Clarification on Opportunistic with respect to dns://resolver.arpa

[mstojens]

Issue migrated from DEER repo: tfpauly/draft-pauly-adaptive-dns-privacy#163

[mstojens]

magicalo said...

Can you clarify why dns://resolver.arpa would matter in an Opportunistic scenario, or at least in a subset of Opportunistic options.

Couldn't a DNS client simply attempt DoH on the same IP address(es) as Do53 (ideally in parallel)
and if the certificate returned during the DoH exchanges meets the criteria (matching IPs listed in the SAN, cert validation, etc.) then it would simply attempt the upgrade, never having to consider/engage dns://resolver.arpa

Maybe I have misunderstood this section or the role dns://resolver.arpa would play here. Could you clarify please.

[mstojens]

tfpauly said...

The purpose of the SVCB record information in the "opportunistic" scenario is getting extra metadata about the resolvers. This is particularly important or useful for DoH, where the URI path and HTTP authority would not otherwise be known. The client could guess, but it may not be able to form a valid HTTP request.

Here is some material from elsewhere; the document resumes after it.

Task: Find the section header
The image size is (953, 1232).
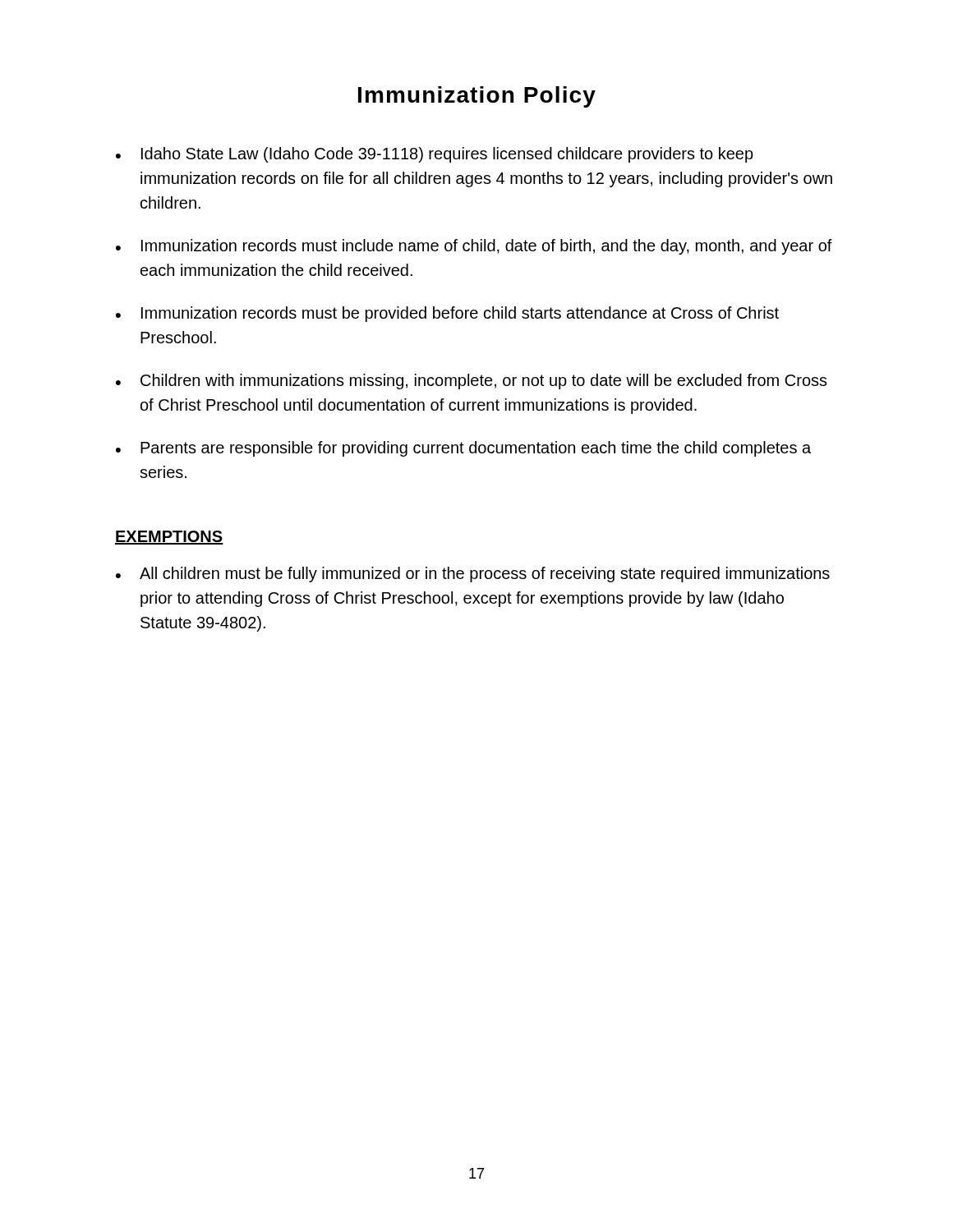Action: point(169,536)

The DoT ports, etc, could also be different, but that's often less useful.

[mglt]

I apology for re-opening the discussion.

opportunistic discovery for DoT

When a client is advertised a nonpublic IP address for an unencrypted resolver.
The resolver.arpa tells the client if a potential encrypted resolver is available or not and associated parameters - excluding a different IP address.

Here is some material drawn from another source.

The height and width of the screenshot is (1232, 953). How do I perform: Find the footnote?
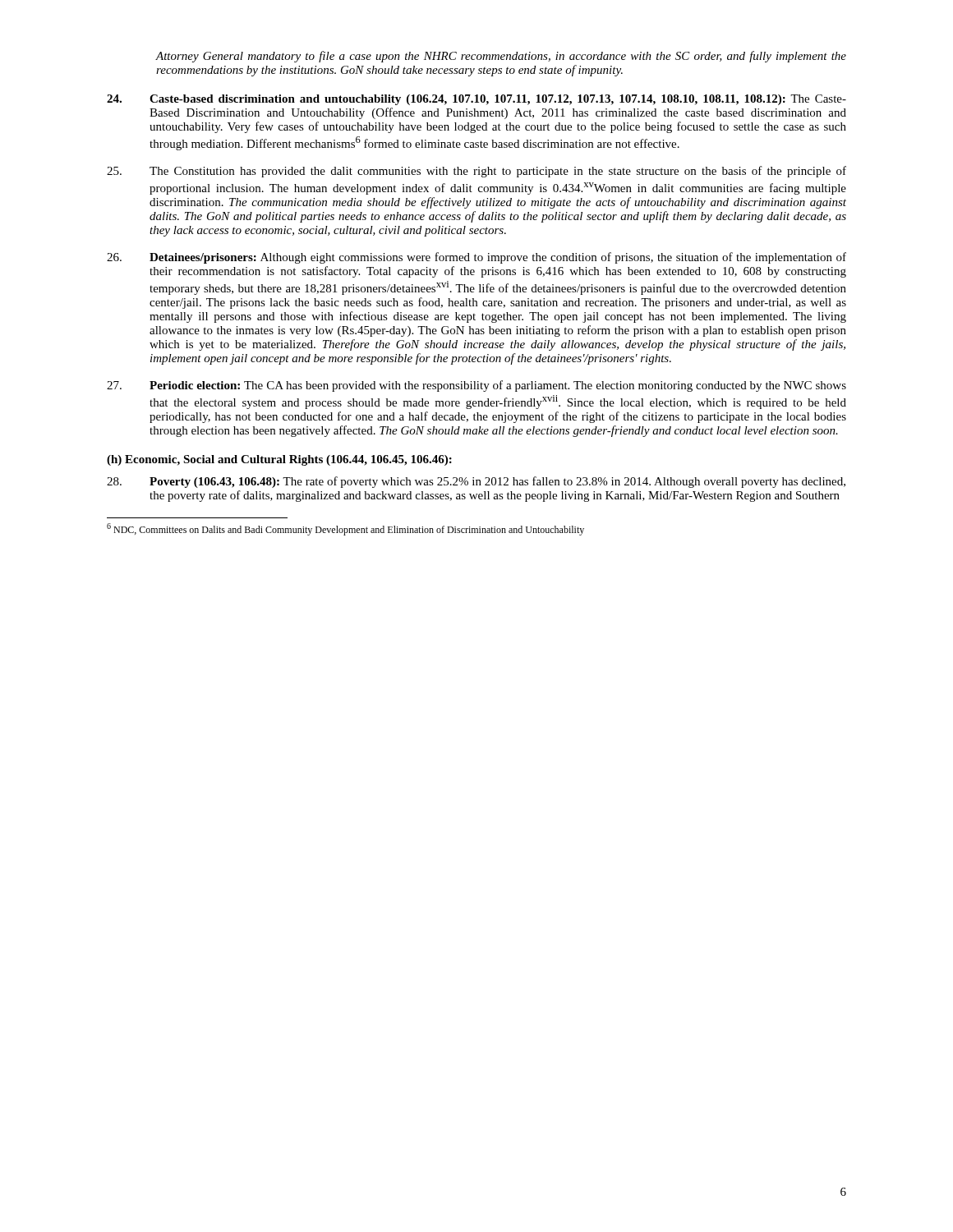coord(476,527)

It seems that DoT in an opportunistic mode doesn't need that resolver.arpa request and that a clientHello is sufficient. If I am not missing anything, some text may describe this and specify that the additional DNS request is only needed for non DoT use cases - i.e. DoH for example.
 
As a  side note, I am wondering if we could define a doh path and why this has not been defined in the DoH spec.

[mstojens]

It seems that DoT in an opportunistic mode doesn't need that resolver.arpa request and that a clientHello is sufficient.

This is correct; however, this guidance helps to standardize an approach instead of leaving that "you can just try it" part unspoken. There is active discussion on this point being requested on the list @mglt so I think you contributing there would be appreciated.

[tfpauly]

I don't see what's different here between our existing text:

Opportunistic Privacy is defined for DoT in Section 4.1 of [RFC7858] as a mode in which clients do not validate the name of the resolver presented in the certificate. A client MAY use information from the SVCB record for "dns://resolver.arpa" with this "opportunistic" approach (not validating the names presented in the SubjectAlternativeName field of the certificate) as long as the IP address of the Encrypted Resolver does not differ from the IP address of the Unencrypted Resolver. This approach can be used for any encrypted DNS protocol that uses TLS.

[mstojens]

Closing this with lack of discussion; the existing text covers how the SVCB record can be used and refers to RFC7858, which itself talks about how to do unauthenticated DoT (which requires no SVCB record).